A further decline in Chinese stocks has heightened concerns, with a key index reaching a five-year low and erasing gains made the previous week amid optimism about stronger support measures from authorities. The CSI 300 Index of mainland shares dropped 0.9%, falling below its January 22 close despite promises of more robust support from authorities. Expectations of a 2 trillion yuan ($278 billion) rescue package and a central bank decision to cut banks’ reserve requirement ratio had initially sparked optimism.

The benchmark gauge witnessed a significant 6.3% slump in January, marking a record sixth consecutive month of losses. Worries persist that the authorities’ efforts may not be sufficient to counter the economic downturn and the ongoing property crisis. The recent decision by a Hong Kong court to liquidate China Evergrande Group and concerns over losses related to snowball derivatives and structured derivatives in Hong Kong have added to the market’s woes.

Investor sentiment remains bearish, and any minor rally triggered by incremental government support news is met with more selling, according to Vey-Sern Ling, Managing Director at Union Bancaire Privee in Singapore. Questions arise about whether China can address its structural issues and the leadership’s commitment to prioritising growth.

The economic outlook for China seems to be deteriorating, as recent data reveals a contraction in factory activity for the fourth consecutive month in January. Over $6 trillion has been wiped off the market value of Chinese and Hong Kong stocks since the peak in 2021, prompting calls for bolder measures from authorities to reverse the downward trend.

While news of a potential rescue package provided a brief boost last week, concerns persist about the market’s ability to sustain positive momentum. Signs of state-led funds making purchases to support share prices have emerged, with some Chinese exchange-traded funds experiencing record inflows this month. However, the fact that share prices have reversed gains from the previous week underscores the pervasive pessimism among investors.
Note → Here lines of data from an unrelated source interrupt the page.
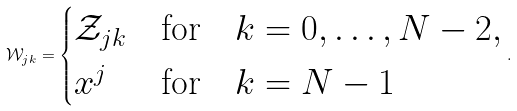Convert formula to latex. <formula><loc_0><loc_0><loc_500><loc_500>\mathcal { W } _ { j k } = \begin{cases} \mathcal { Z } _ { j k } & \text {for} \quad k = 0 , \dots , N - 2 , \\ x ^ { j } & \text {for} \quad k = N - 1 \end{cases} .</formula> 
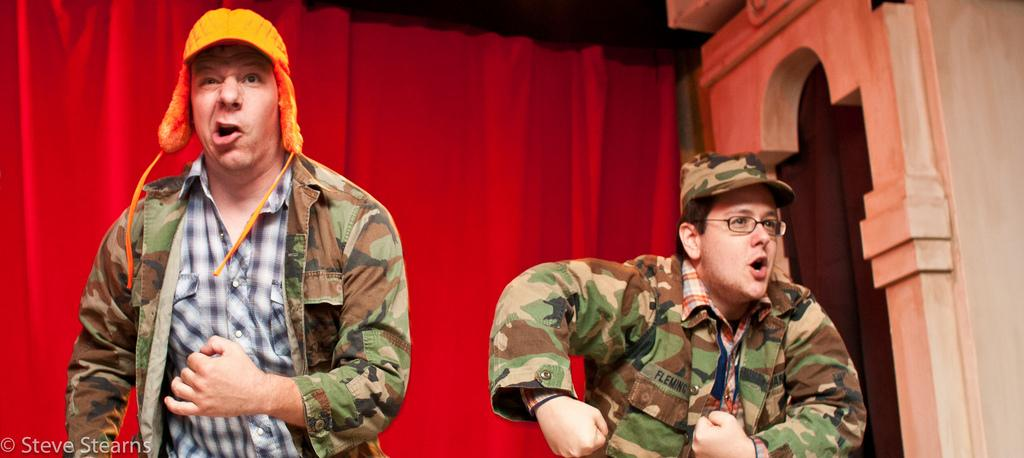How many individuals are present in the image? There are two people in the image. What can be seen behind the people? There are curtains behind the people. What is located on the left side of the image? There is some text on the left side of the image. What is on the right side of the image? There is a wall on the right side of the image. What type of creature is depicted in the text on the left side of the image? There is no creature depicted in the text on the left side of the image. What is the desire of the people in the image? The facts provided do not give any information about the desires of the people in the image. 
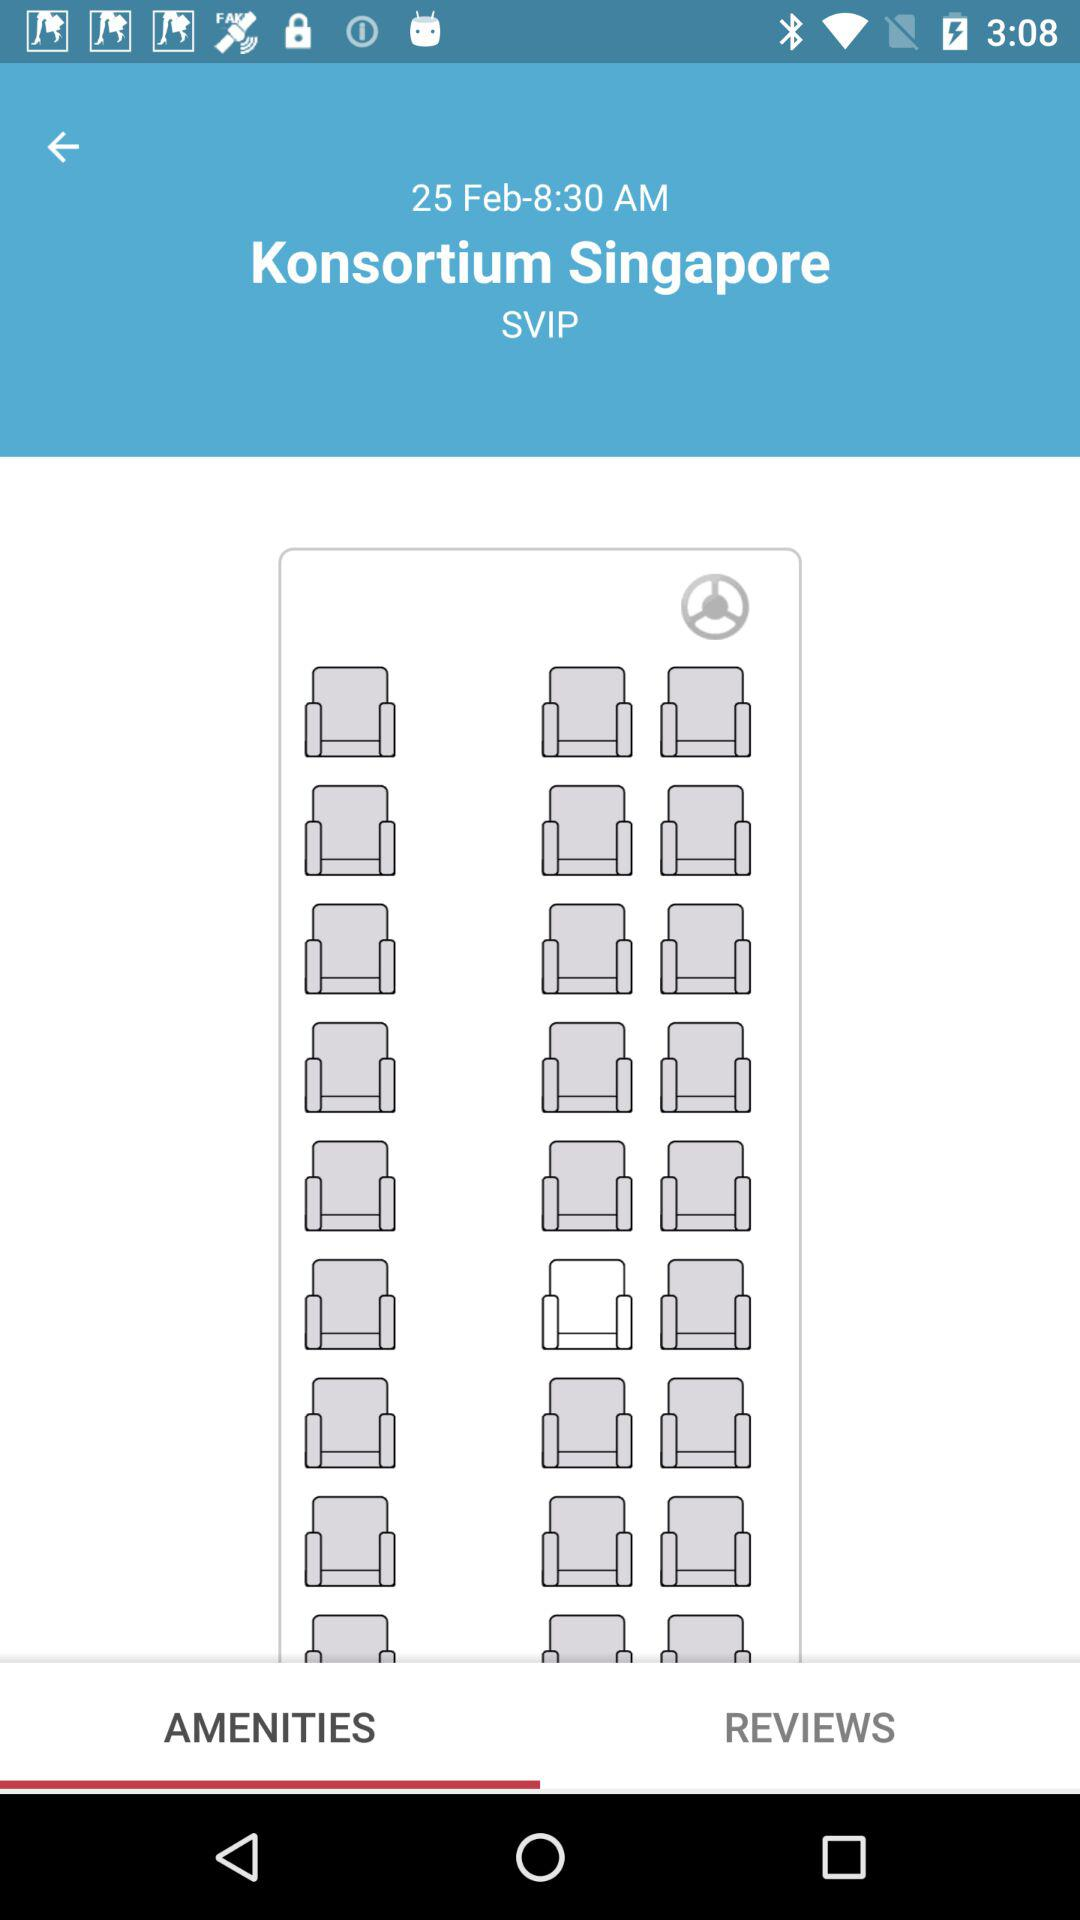What is the time? The time is 8:30 AM.

The current downturn is partly attributed to the impact of a relatively new financial derivative known as a snowball. These derivatives, tied to indexes, trigger selling of related futures positions when gauges fall below predefined levels. Additionally, retail traders in Hong Kong faced banks calling in $1.55 billion of leveraged derivatives during the recent stock slump, exacerbating volatility and highlighting risks associated with structured products. Despite recent support measures, market pessimism remains, and the outlook for Chinese assets is viewed cautiously by experts.